En rechazo a esa decisión de seguridad, motivada por un atentado sin precedentes con metralletas contrabandeadas por terroristas musulmanes a la tercera más importante mezquita del islam, el liderazgo palestino inflamó a la calle palestina con acusaciones de que Israel pretendía modificar el statu quo del lugar santo, lo que el gobierno israelí negó reiteradamente. Fatah llamó a un "día de furia", la autoridad religiosa a cargo del lugar (Waqf), dependiente de Jordania y la Autoridad Palestina, instó a cerrar las mezquitas de Jerusalén el día viernes, y el muftí palestino llamó a todos los feligreses islámicos a que fuesen a protestar a la Explanada de las Mezquitas.

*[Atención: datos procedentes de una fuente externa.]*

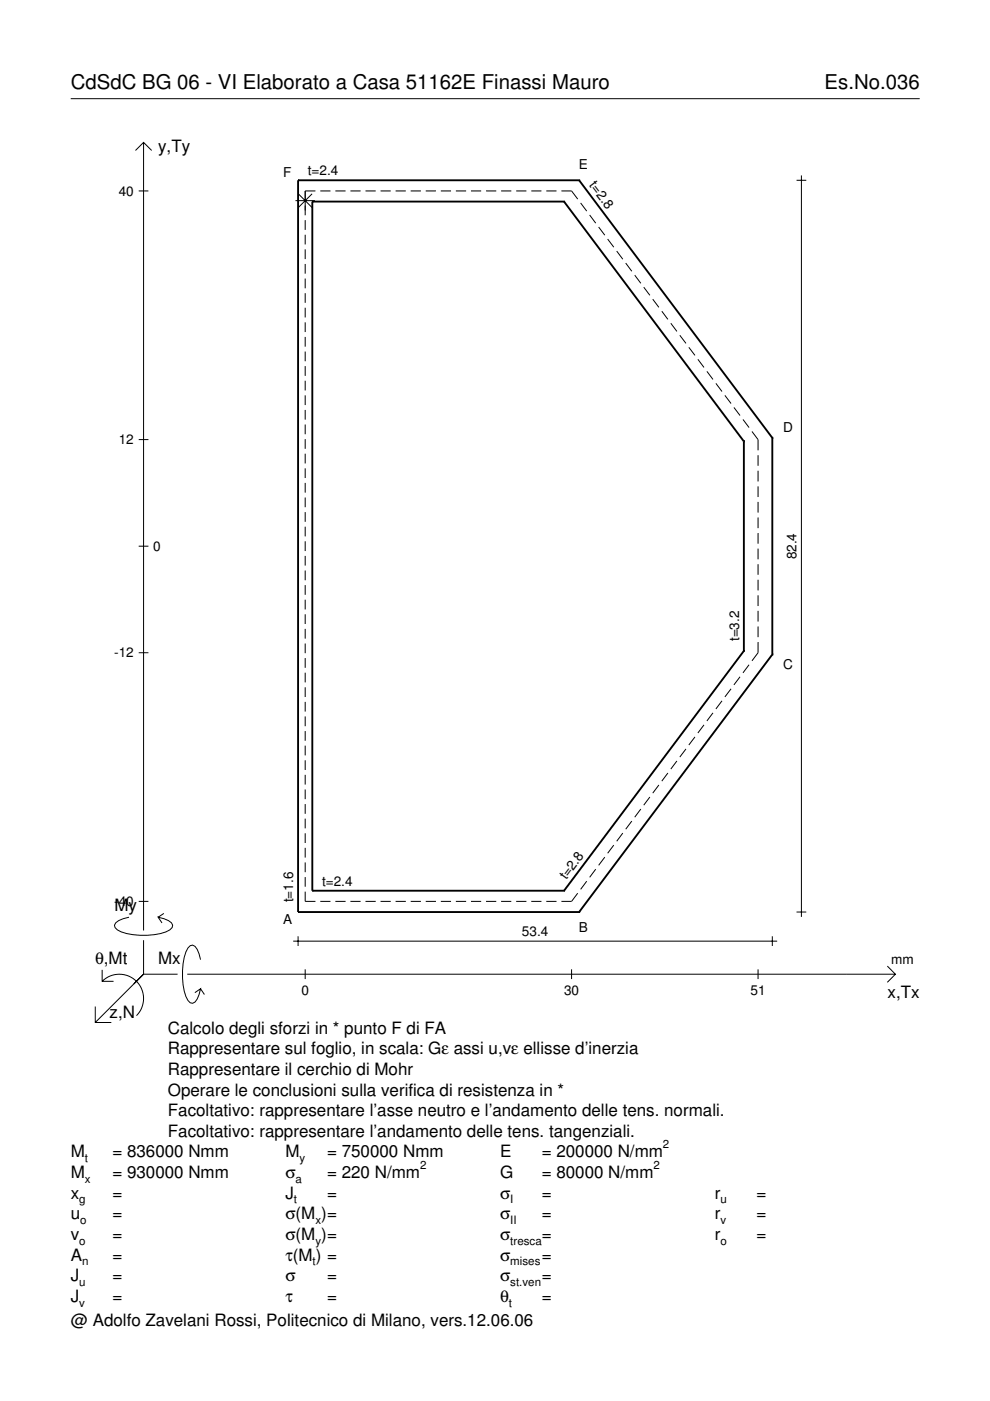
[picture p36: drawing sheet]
<svg xmlns="http://www.w3.org/2000/svg" width="210mm" height="297mm" viewBox="0 0 210 297" stroke-linecap="round" stroke-linejoin="round" font-family="sans-serif">
<defs><g id="words">
<g font-size="4.3">
<text x="15" y="18.9">CdSdC BG 06 - VI Elaborato a Casa 51162E Finassi Mauro</text>
<text x="174.8" y="18.9">Es.No.036</text>
</g>
<g font-size="3.6">
<text x="33.5" y="32.3">y,Ty</text>
<text x="24.3" y="193.2">My</text>
<text x="20.1" y="204.5">θ,Mt</text>
<text x="33.5" y="204.5">Mx</text>
<text x="23.2" y="215.8">z,N</text>
<text x="188.2" y="211.7">x,Tx</text>
<text x="35.6" y="219.2">Calcolo degli sforzi in * punto F di FA</text>
<text x="35.6" y="227.9">Rappresentare il cerchio di Mohr</text>
<text x="35.6" y="223.5">Rappresentare sul foglio, in scala: Gε assi u,vε ellisse d’inerzia</text>
<text x="35.6" y="232.3">Operare le conclusioni sulla verifica di resistenza in *</text>
<text x="35.6" y="236.7">Facoltativo: rappresentare l’asse neutro e l’andamento delle tens. normali.</text>
<text x="15" y="245.4">M</text>
<text x="23.8" y="245.4">= 836000 Nmm</text>
<text x="35.6" y="241">Facoltativo: rappresentare l’andamento delle tens. tangenziali.</text>
<text x="60.5" y="245.4">M</text>
<text x="69.3" y="245.4">= 750000 Nmm</text>
<text x="106" y="245.4">E</text>
<text x="114.9" y="245.4">= 200000 N/mm</text>
<text x="15" y="249.8">M</text>
<text x="23.8" y="249.8">= 930000 Nmm</text>
<text x="60.5" y="249.8">σ</text>
<text x="69.3" y="249.8">= 220 N/mm</text>
<text x="106" y="249.8">G</text>
<text x="114.9" y="249.8">= 80000 N/mm</text>
<text x="15" y="254.2">x</text>
<text x="23.8" y="254.2">=</text>
<text x="60.5" y="254.2">J</text>
<text x="69.3" y="254.2">=</text>
<text x="106" y="254.2">σ</text>
<text x="114.9" y="254.2">=</text>
<text x="151.5" y="254.2">r</text>
<text x="160.4" y="254.2">=</text>
<text x="15" y="258.5">u</text>
<text x="15" y="262.9">v</text>
<text x="23.8" y="258.5">=</text>
<text x="23.8" y="262.9">=</text>
<text x="60.5" y="262.9">σ(M )=</text>
<text x="60.5" y="258.5">σ(M )=</text>
<text x="106" y="258.5">σ</text>
<text x="106" y="262.9">σ</text>
<text x="114.9" y="258.5">=</text>
<text x="114.9" y="262.9">=</text>
<text x="151.5" y="258.5">r</text>
<text x="151.5" y="262.9">r</text>
<text x="160.4" y="258.5">=</text>
<text x="160.4" y="262.9">=</text>
<text x="15" y="267.3">A</text>
<text x="23.8" y="267.3">=</text>
<text x="60.5" y="267.3">τ(M ) =</text>
<text x="106" y="267.3">σ</text>
<text x="114.9" y="267.3">=</text>
<text x="15" y="271.7">J</text>
<text x="23.8" y="271.7">=</text>
<text x="60.5" y="271.7">σ</text>
<text x="69.3" y="271.7">=</text>
<text x="106" y="271.7">σ</text>
<text x="114.9" y="271.7">=</text>
<text x="15" y="281.2">@ Adolfo Zavelani Rossi, Politecnico di Milano, vers.12.06.06</text>
<text x="15" y="276">J</text>
<text x="23.8" y="276">=</text>
<text x="60.5" y="276">τ</text>
<text x="69.3" y="276">=</text>
<text x="106" y="276">θ</text>
<text x="114.9" y="276">=</text>
</g>
<g font-size="2.9">
<text x="122.8" y="35.8">E</text>
<text x="25.2" y="41.5">40</text>
<text x="60" y="37.5">F</text>
<text x="65.3" y="37.2">t=2.4</text>
<text x="124.8" y="39.3" transform="rotate(53 124.8 39.3)">t=2.8</text>
<text x="25.2" y="94.2">12</text>
<text x="166.1" y="91.6">D</text>
<text x="32.5" y="116.8">0</text>
<text x="168.9" y="118.6" transform="rotate(-90 168.9 118.6)">82.4</text>
<text x="156.7" y="136" transform="rotate(-90 156.7 136)">t=3.2</text>
<text x="24.2" y="139.4">-12</text>
<text x="166.1" y="141.8">C</text>
<text x="62.2" y="191.3" transform="rotate(-90 62.2 191.3)">t=1.6</text>
<text x="68.3" y="187.8">t=2.4</text>
<text x="120" y="186.6" transform="rotate(-53 120 186.6)">t=2.8</text>
<text x="24.2" y="192.1">-40</text>
<text x="60" y="195.9">A</text>
<text x="122.8" y="197.6">B</text>
<text x="110.7" y="198.5">53.4</text>
<text x="189" y="204.5">mm</text>
<text x="63.9" y="210.9">0</text>
<text x="119.6" y="210.9">30</text>
<text x="159.1" y="210.9">51</text>
</g>
<g font-size="2.4">
<text x="140.6" y="243.4">2</text>
<text x="18" y="246.4">t</text>
<text x="18" y="250.8">x</text>
<text x="62.7" y="250.8">a</text>
<text x="63.5" y="246.4">y</text>
<text x="89.1" y="247.8">2</text>
<text x="138.6" y="247.8">2</text>
<text x="16.8" y="255.2">g</text>
<text x="62.3" y="255.2">t</text>
<text x="108.2" y="255.2">I</text>
<text x="152.7" y="255.2">u</text>
<text x="16.8" y="263.9">o</text>
<text x="17" y="259.5">o</text>
<text x="66.9" y="259.5">x</text>
<text x="66.9" y="263.9">y</text>
<text x="108.2" y="259.5">II</text>
<text x="108.2" y="263.9">tresca</text>
<text x="152.7" y="259.5">v</text>
<text x="152.7" y="263.9">o</text>
<text x="17.4" y="268.3">n</text>
<text x="66.3" y="268.3">t</text>
<text x="108.2" y="268.3">mises</text>
<text x="16.8" y="272.7">u</text>
<text x="108.2" y="272.7">st.ven</text>
<text x="16.8" y="277">v</text>
<text x="107.9" y="277">t</text>
</g>
</g></defs>
<g fill="none" stroke="#000" stroke-width=".21">
<path d="M15 20.9h180M28.7 31.9l1.7-1.7 1.8 1.7M30.4 30.2v167.1M168.9 38.2h2M169.9 37.2v157.2M29.4 40.5h2.1M62.6 42.5h4.2M63.2 41.1l3 2.9M64.7 46.7v2M64.7 49.8v2M64.7 52.9v2M64.7 56v2"/>
<path d="M64.7 59.1v2M66.2 41.1l-3 2.9M66.9 40.5h-2.2v5.1M67.9 40.5h2.2M71.1 40.5h2.2M74.3 40.5h2.2M77.5 40.5h2.2M80.7 40.5h2.1M83.9 40.5h2.1M87.1 40.5h2.1M90.3 40.5h2.1M93.5 40.5h2.1"/>
<path d="M96.7 40.5h2.1M99.9 40.5h2.1M103 40.5h2.2M106.2 40.5h2.2M109.4 40.5h2.2M112.6 40.5h2.2M115.8 40.5h2.2M119 40.5h2.2l1.3 1.7M123.1 43l1.3 1.8M125 45.6l1.3 1.7M126.9 48.1l1.3 1.8M128.8 50.7l1.3 1.7"/>
<path d="M130.8 53.2l1.2 1.8M132.7 55.8l1.3 1.7M134.6 58.3l1.3 1.8M64.7 62.2v2M64.7 65.2v2.1M64.7 68.3v2.1M64.7 71.4v2.1M64.7 74.5v2.1M64.7 77.6v2.1M136.5 60.9l1.3 1.7M138.4 63.4l1.3 1.8M140.3 66l1.3 1.7"/>
<path d="M142.2 68.5l1.3 1.8M144.1 71.1l1.3 1.7M146 73.6l1.3 1.8M148 76.2l1.3 1.7M149.9 78.7l1.3 1.8M29.4 93.2h2.1M64.7 80.7v2.1M64.7 83.8v2.1M64.7 86.9v2.1M64.7 90v2.1M64.7 93.1v2.1M64.7 96.2v2.1"/>
<path d="M64.7 99.3v2.1M151.8 81.3l1.3 1.7M153.7 83.8l1.3 1.8M155.6 86.4l1.3 1.7M157.5 88.9l1.3 1.8M159.4 91.5l1.3 1.7v2.3M160.7 96.5v2.3M160.7 99.8v2.3M29.4 115.8h2.1M64.7 102.4v2.1M64.7 105.5v2M64.7 108.6v2"/>
<path d="M64.7 111.7v2M64.7 114.8v2M64.7 117.9v2M160.7 103.1v2.3M160.7 106.4v2.3M160.7 109.7v2.3M160.7 113v2.3M160.7 116.3v2.3M160.7 119.6v2.3M29.4 138.4h2.1M64.7 121v2M64.7 124.1v2"/>
<path d="M64.7 127.1v2.1M64.7 130.2v2.1M64.7 133.3v2.1M64.7 136.4v2.1M64.7 139.5v2.1M160.7 122.9v2.3M160.7 126.2v2.3M160.7 129.5v2.3M160.7 132.8v2.3M160.7 136.1v2.3l-1.3 1.7M64.7 142.6v2.1M64.7 145.7v2.1"/>
<path d="M64.7 148.8v2.1M64.7 151.9v2.1M64.7 155v2.1M64.7 158.1v2.1M145.4 158.8l-1.3 1.7M147.3 156.2l-1.3 1.8M149.3 153.7l-1.3 1.7M151.2 151.1l-1.3 1.8M153.1 148.6l-1.3 1.7M155 146l-1.3 1.8M156.9 143.5l-1.3 1.7M158.8 140.9l-1.3 1.8"/>
<path d="M64.7 161.2v2.1M64.7 164.3v2.1M64.7 167.4v2M64.7 170.5v2M64.7 173.6v2M64.7 176.7v2M64.7 179.8v2M130.1 179.2l-1.3 1.7M132 176.6l-1.2 1.8M134 174.1l-1.3 1.7M135.9 171.5l-1.3 1.8M137.8 169l-1.3 1.7"/>
<path d="M139.7 166.4l-1.3 1.8M141.6 163.9l-1.3 1.7M143.5 161.3l-1.3 1.8M27.3 194.5a3.6 3.6 0 0 0-3 1.7l.1 .5a5.6 5.6 0 0 0 3.8 1.5 13.4 13.4 0 0 0 7.8-1l.5-.5 .1-.5a3.6 3.6 0 0 0-3.1-1.7l.8 1.2M29.4 191.1h2.1M30.4 199.3v7.3M34.7 193.7l-1.2 .8M62.2 199.5h102.6M63.2 198.5v2.1M64.7 189v2.1h2.2M64.7 182.9v2M64.7 186v2"/>
<path d="M67.9 191.1h2.2M71.1 191.1h2.2M74.3 191.1h2.2M77.5 191.1h2.2M80.7 191.1h2.1M83.9 191.1h2.1M87.1 191.1h2.1M90.3 191.1h2.1M93.5 191.1h2.1M96.7 191.1h2.1M99.9 191.1h2.1M103 191.1h2.2"/>
<path d="M106.2 191.1h2.2M109.4 191.1h2.2M112.6 191.1h2.2M115.8 191.1h2.2M122.5 189.4l-1.3 1.7h-2.2M124.4 186.8l-1.3 1.8M126.3 184.3l-1.3 1.7M128.2 181.7l-1.3 1.8M163.7 198.5v2.1M168.9 193.4h2M20.2 213.4v3.4h3.4M21.7 208.1a5.1 5.1 0 0 1 7.2 0 5.1 5.1 0 0 1 0 7.2"/>
<path d="M21.7 205.6v2.5h2.4M30.4 206.6l-10.2 10.2M30.4 206.6h7.2M39.7 206.6h150.1M42.5 203.5a3.6 3.6 0 0 0-1.7-3.1l-.5 .1a5.7 5.7 0 0 0-1.5 3.8 13.3 13.3 0 0 0 1 7.8l.5 .5 .5 .1a3.6 3.6 0 0 0 1.7-3.1l-1.2 .9M42.5 209.6l.8 1.3M64.7 205.5v2.1M121.2 205.5v2.1M160.7 205.5v2.1M188.1 204.8l1.7 1.8-1.7 1.7"/>
</g>
<g fill="none" stroke="#000" stroke-width=".4">
<path d="M63.2 38.2h.1M63.2 38.2h59.6M63.2 38.2v155.2M122.8 38.2h.1M122.8 38.2l40.9 54.6M66.2 42.7h.1M66.2 42.7h53.4M66.2 42.7v146.2M119.6 42.7h.1M119.6 42.7l38.1 50.9M157.7 93.6h.1M157.7 93.6v44.4"/>
<path d="M163.7 92.8h.1M163.7 92.8v46M157.7 138h.1M157.7 138l-38.1 50.9M163.7 138.8h.1M163.7 138.8l-40.9 54.6M63.2 193.4h.1M63.2 193.4h59.6M66.2 188.9h.1M66.2 188.9h53.4M119.6 188.9h.1M122.8 193.4h.1"/>
</g>
<use href="#words"/>
</svg>

Como era previsible, hubo enfrentamientos con la policía israelí y muertos palestinos, entre ellos uno al que le estalló en las manos la bomba molotov que estaba por arrojar contra las fuerzas de seguridad.

Dejando de lado el hecho de que en el acceso a la Gran Mezquita en la Meca hay detectores de metales, como también los hay a la entrada a la Tumba de los Patriarcas en Hebrón, en la propia Cisjordania —por no decir los que se hallan en cualquier aeropuerto, sala de conciertos e inclusive en Disneylandia—, cabe preguntarse qué clase de cultura produce un sujeto como Omar el-Abed, dispuesto a masacrar a toda una familia inocentemente reunida en una mesa hogareña. En Gaza comenzaron inmediatamente las celebraciones por la masacre de judíos. Mahmoud Abbas canceló toda cooperación con las fuerzas de seguridad israelíes.

Próximamente, la familia de el-Abed empezará a recibir dinero de la Autoridad Palestina, que —esto está determinado por ley— paga recompensas a los familiares de aquellos palestinos que hayan asesinado a israelíes. Cada año, la Autoridad Palestina eroga alrededor de 300 millones de dólares de su presupuesto nacional para pagar salarios a terroristas palestinos en cárceles israelíes y a las familias de terroristas muertos u otros palestinos que hayan caído al luchar contra Israel. Es posible que a futuro alguna plaza, calle o escuela sea nombrada en su honor, como ya tienen otros tantos infames palestinos que han matado israelíes en el pasado.

Para contemplar: tres musulmanes profanan la mezquita de Al-Aqsa al transformarla en un centro de operaciones de terror, matan por la espalda a dos policías israelíes drusos, la calle palestina-islámica estalla en furia colectiva cuando Israel, con entera justificación, instala detectores de metales para evitar una repetición de semejante atentado, y en reacción a todo ello un musulmán indignado apuñala salvajemente a una pareja de ancianos judíos y a sus hijos.

Ya padecieron este tipo de violencia insensata y desproporcionada los editores daneses del Jyllands Posten, los periodistas franceses de Charlie Hebdo, el papa Benedicto XVI tras su famoso discurso en Ratisbona y Salman Rushdie al escribir Los versos satánicos, por citar unos pocos casos. Quizás lo ocurrido sirva para validar algo que muchos venimos señalando desde hace tiempo: el terrorismo islamista que padece Israel no difiere del que padece el resto del mundo. O, parafraseando un viejo eslogan que buscaba concientizar sobre el SIDA en previas décadas: el terrorismo no discrimina, no lo hagamos nosotros.